Autogenous welding is a form of welding in which the filler material is either supplied by melting the base material or is of identical composition. The weld may be formed entirely by melting parts of the base metal, and no additional filler rod is used.

There is some variation in the use of this term. Those bodies concerned with teaching the craft skill of welding tend to define it as using no filler rod, i.e. the technique is based purely on the base metal. Those concerned with the welded joint's metallurgy may make no distinction between a filler rod and the base metal, provided that the final metallurgy is identical.

Most welding processes may be either autogenous or use additional filler. Some are characteristically autogenous and avoid filler. Some arc welding processes, including such major process such as manual metal arc (stick) welding and MAGS (wire-feed) welding, cannot be used autogenously, as they rely on the consumption of a filler rod to provide the arc.

Some processes are typically autogenous. These include some gas welding processes such as lead burning (although fillers may optionally be used) and oxy-acetylene welding in some positions, such as seam welding the edges of two overlapping sheets. Resistance welding, both spot welding and seam welding, is inherently autogenous, as there is no convenient way to apply a filler. Friction and laser welding have similar restrictions.
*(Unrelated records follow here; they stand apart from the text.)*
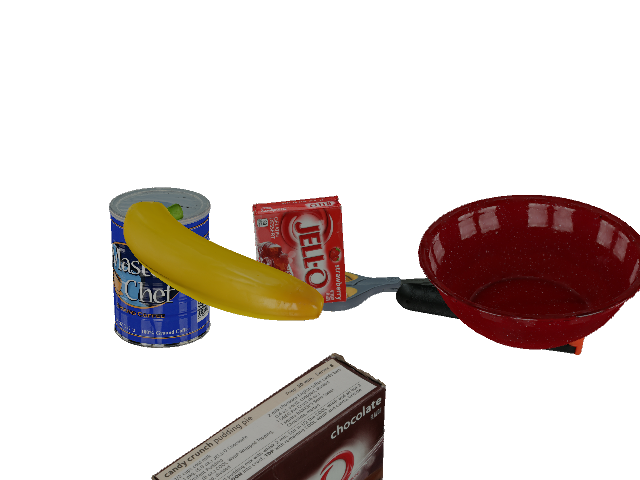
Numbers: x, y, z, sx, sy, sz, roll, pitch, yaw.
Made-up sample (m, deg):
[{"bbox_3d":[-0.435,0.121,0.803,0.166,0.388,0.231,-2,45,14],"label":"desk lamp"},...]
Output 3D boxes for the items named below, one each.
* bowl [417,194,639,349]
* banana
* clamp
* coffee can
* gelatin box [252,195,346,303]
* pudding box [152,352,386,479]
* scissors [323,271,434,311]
[{"bbox_3d":[0.151,0.029,0.768,0.162,0.055,0.162,-3,33,2],"label":"bowl"},{"bbox_3d":[-0.078,0.008,0.686,0.069,0.037,0.198,-16,29,-30],"label":"banana"},{"bbox_3d":[0.168,0.058,0.996,0.172,0.039,0.120,20,31,20],"label":"clamp"},{"bbox_3d":[-0.166,0.027,1.114,0.103,0.140,0.103,2,22,-1],"label":"coffee can"},{"bbox_3d":[-0.017,0.010,0.894,0.073,0.089,0.030,-5,23,-5],"label":"gelatin box"},{"bbox_3d":[-0.020,0.117,0.488,0.039,0.090,0.113,30,47,34],"label":"pudding box"},{"bbox_3d":[0.071,0.056,1.179,0.202,0.016,0.096,3,23,5],"label":"scissors"}]
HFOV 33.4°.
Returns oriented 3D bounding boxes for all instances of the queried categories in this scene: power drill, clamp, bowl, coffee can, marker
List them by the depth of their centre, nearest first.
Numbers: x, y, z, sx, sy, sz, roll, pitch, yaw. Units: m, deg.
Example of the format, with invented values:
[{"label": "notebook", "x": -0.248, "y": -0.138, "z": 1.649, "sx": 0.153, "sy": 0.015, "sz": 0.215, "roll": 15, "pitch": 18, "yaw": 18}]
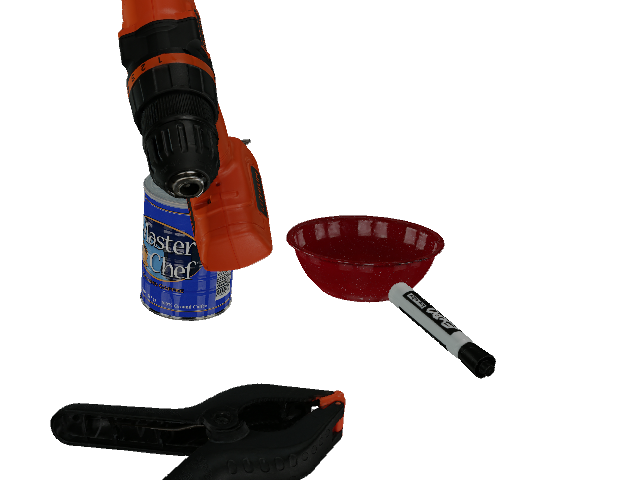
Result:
[{"label": "clamp", "x": -0.058, "y": 0.122, "z": 0.601, "sx": 0.171, "sy": 0.039, "sz": 0.120, "roll": -7, "pitch": 34, "yaw": -19}, {"label": "power drill", "x": -0.078, "y": -0.061, "z": 0.691, "sx": 0.057, "sy": 0.184, "sz": 0.187, "roll": -13, "pitch": -36, "yaw": 1}, {"label": "marker", "x": 0.089, "y": 0.066, "z": 0.790, "sx": 0.020, "sy": 0.020, "sz": 0.121, "roll": 0, "pitch": 25, "yaw": -31}, {"label": "bowl", "x": 0.045, "y": 0.022, "z": 1.093, "sx": 0.162, "sy": 0.055, "sz": 0.162, "roll": 2, "pitch": 17, "yaw": -1}, {"label": "coffee can", "x": -0.143, "y": 0.002, "z": 1.166, "sx": 0.103, "sy": 0.140, "sz": 0.103, "roll": 5, "pitch": 26, "yaw": -3}]
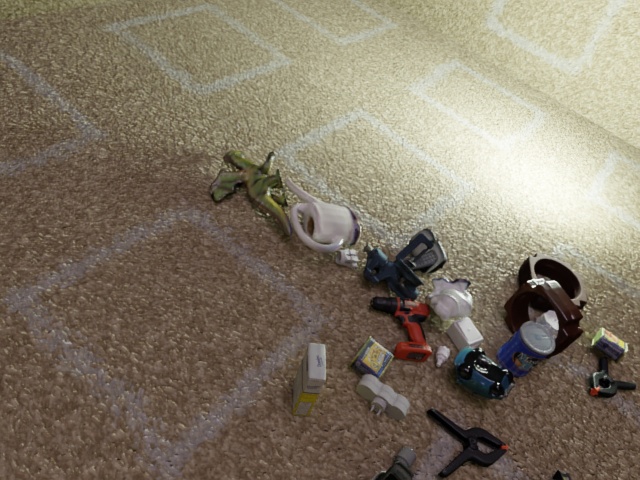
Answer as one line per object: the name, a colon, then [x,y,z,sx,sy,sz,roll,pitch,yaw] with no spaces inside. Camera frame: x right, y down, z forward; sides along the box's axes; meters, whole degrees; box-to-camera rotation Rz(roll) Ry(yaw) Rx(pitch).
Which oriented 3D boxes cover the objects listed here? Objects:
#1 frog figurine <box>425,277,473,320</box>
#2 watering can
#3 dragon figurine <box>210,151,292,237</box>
frog figurine: [0.381,0.193,1.525,0.137,0.120,0.163,20,39,4]
watering can: [0.005,-0.084,1.664,0.224,0.102,0.356,6,41,-24]
dragon figurine: [-0.235,-0.161,1.683,0.243,0.420,0.119,-9,-39,-6]
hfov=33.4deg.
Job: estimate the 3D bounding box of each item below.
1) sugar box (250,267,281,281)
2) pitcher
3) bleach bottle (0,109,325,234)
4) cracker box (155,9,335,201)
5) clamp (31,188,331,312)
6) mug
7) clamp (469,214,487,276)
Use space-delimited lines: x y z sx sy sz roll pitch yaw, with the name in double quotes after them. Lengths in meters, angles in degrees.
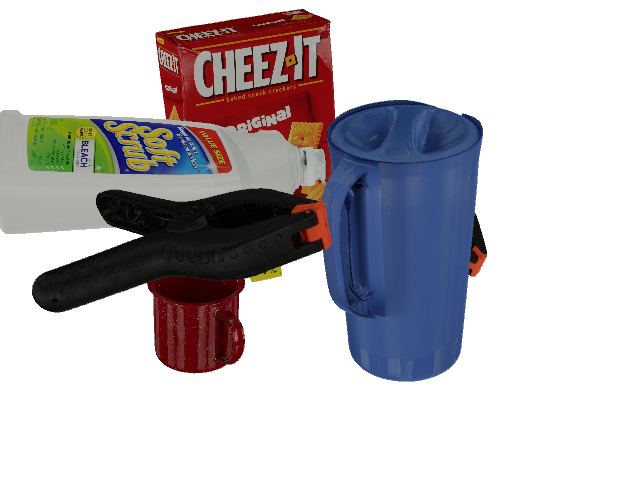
-0.082 -0.048 1.317 0.048 0.176 0.093 -12 26 -15 "sugar box"
0.069 0.008 0.961 0.149 0.243 0.145 -6 30 -5 "pitcher"
-0.123 -0.058 0.837 0.250 0.068 0.102 -3 45 -7 "bleach bottle"
-0.068 -0.111 1.073 0.164 0.214 0.072 -15 27 -24 "cracker box"
-0.082 0.003 0.627 0.172 0.039 0.120 -3 36 23 "clamp"
-0.112 0.079 1.026 0.093 0.081 0.117 -21 35 -39 "mug"
0.095 -0.039 1.154 0.164 0.210 0.036 -16 -37 -29 "clamp"
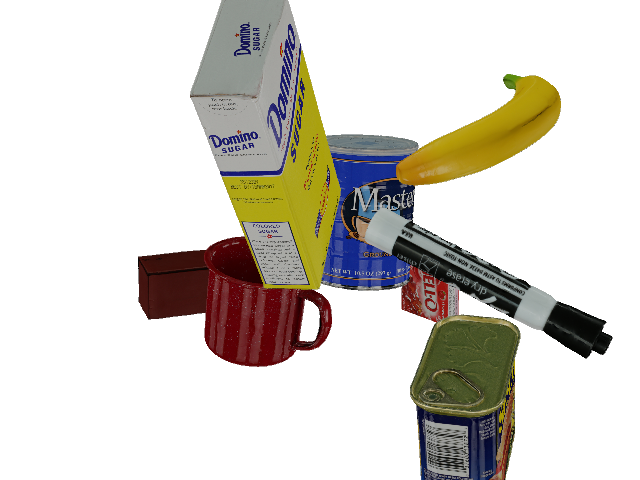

Some alloys are prone to changing their composition when heated, particularly a loss of zinc from brass by its evaporation as vapour. In these cases, an excess of 2–3% extra zinc may be provided in the filler rod to compensate. Silicon may also be used as an additive to reduce this loss.

A few materials, such as the HY-80 series of high-strength steels, require a non-autogenous process to control their metallurgy. However, advanced processes, such as hybrid laser arc welding, have been used to achieve the same effect autogenously.